***** GIVEN INFORMATION
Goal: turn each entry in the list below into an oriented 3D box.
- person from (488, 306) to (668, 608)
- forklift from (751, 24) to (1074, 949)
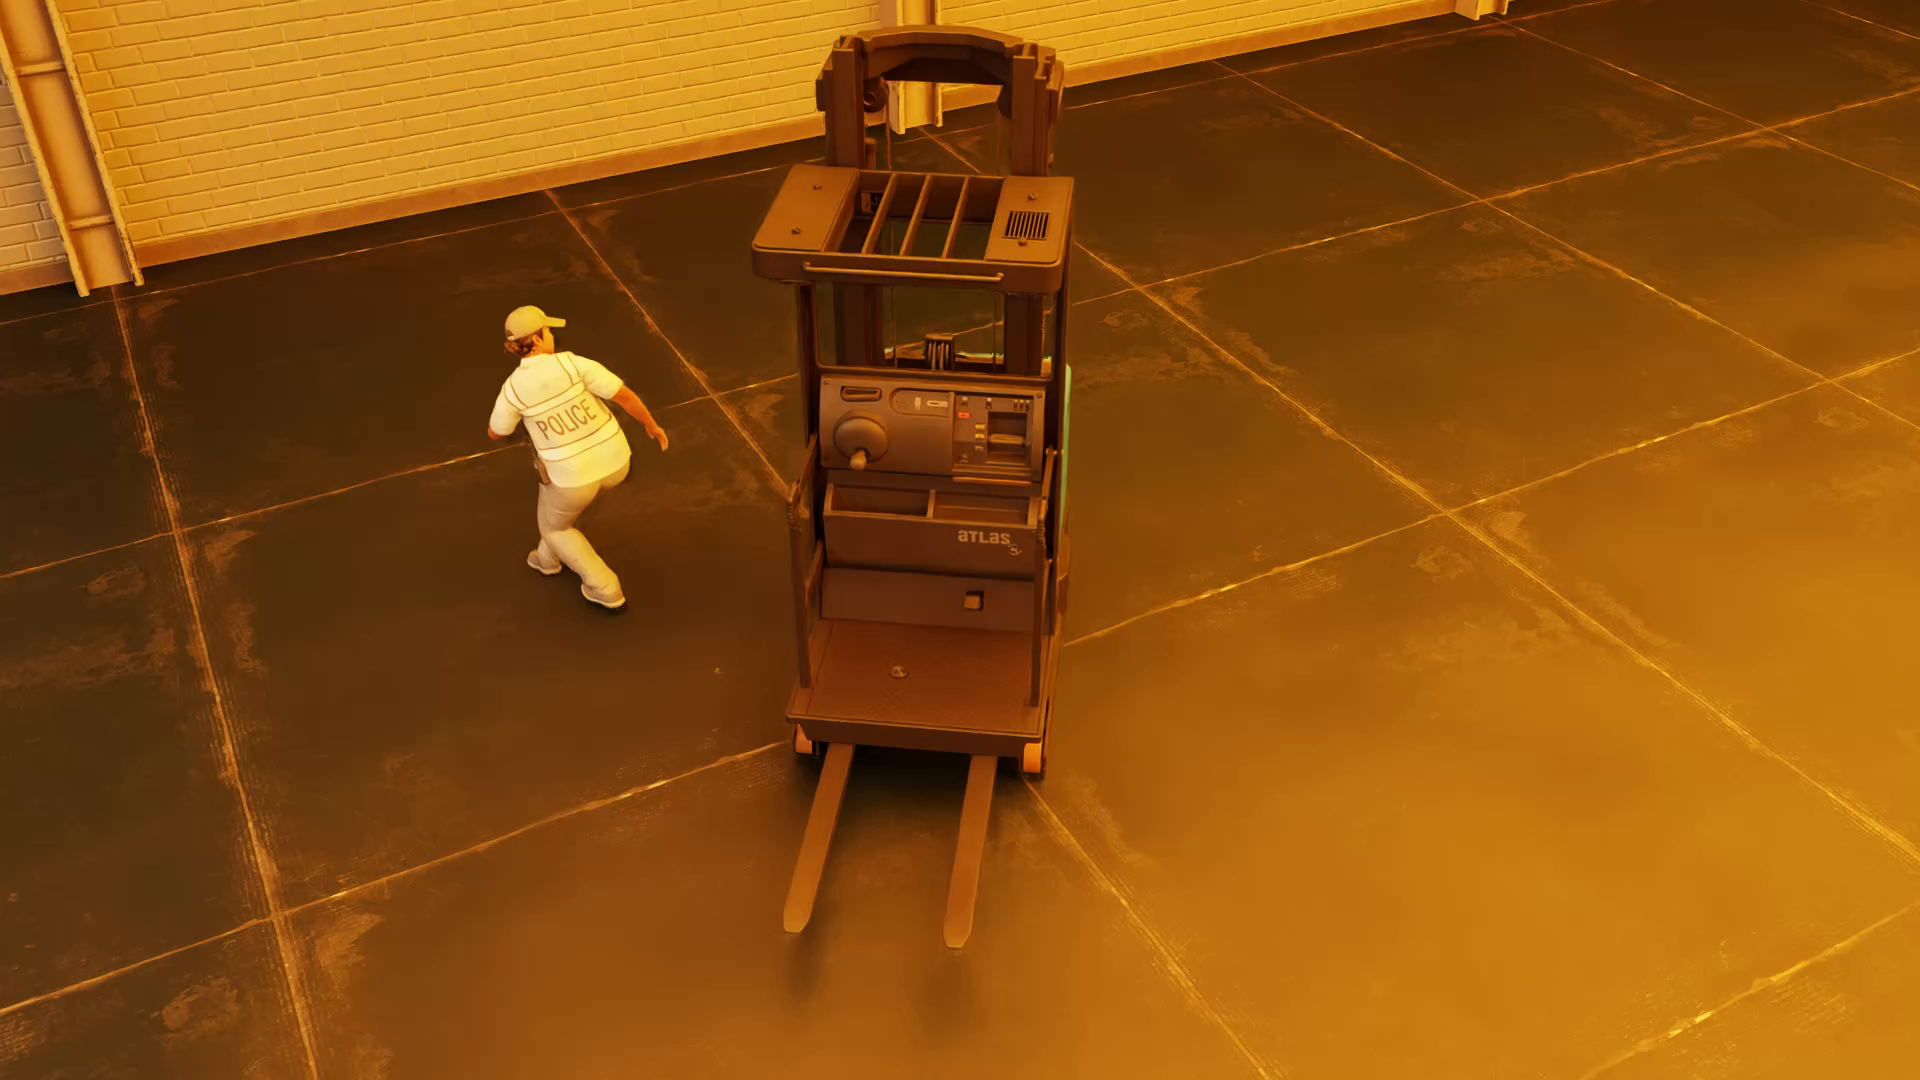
[{"bbox_3d":[-1.865,-0.449,7.998,0.726,1.537,0.763,-26,43,-31],"label":"person"},{"bbox_3d":[-0.141,-0.397,6.685,1.130,2.935,3.031,4,35,6],"label":"forklift"}]
**********
TASK REQUIREMENTS: Repeat all of the data above word for word, minus the pictures.

EXERCISE OUTPUT:
Goal: turn each entry in the list below into an oriented 3D box.
- person from (488, 306) to (668, 608)
- forklift from (751, 24) to (1074, 949)
[{"bbox_3d":[-1.865,-0.449,7.998,0.726,1.537,0.763,-26,43,-31],"label":"person"},{"bbox_3d":[-0.141,-0.397,6.685,1.130,2.935,3.031,4,35,6],"label":"forklift"}]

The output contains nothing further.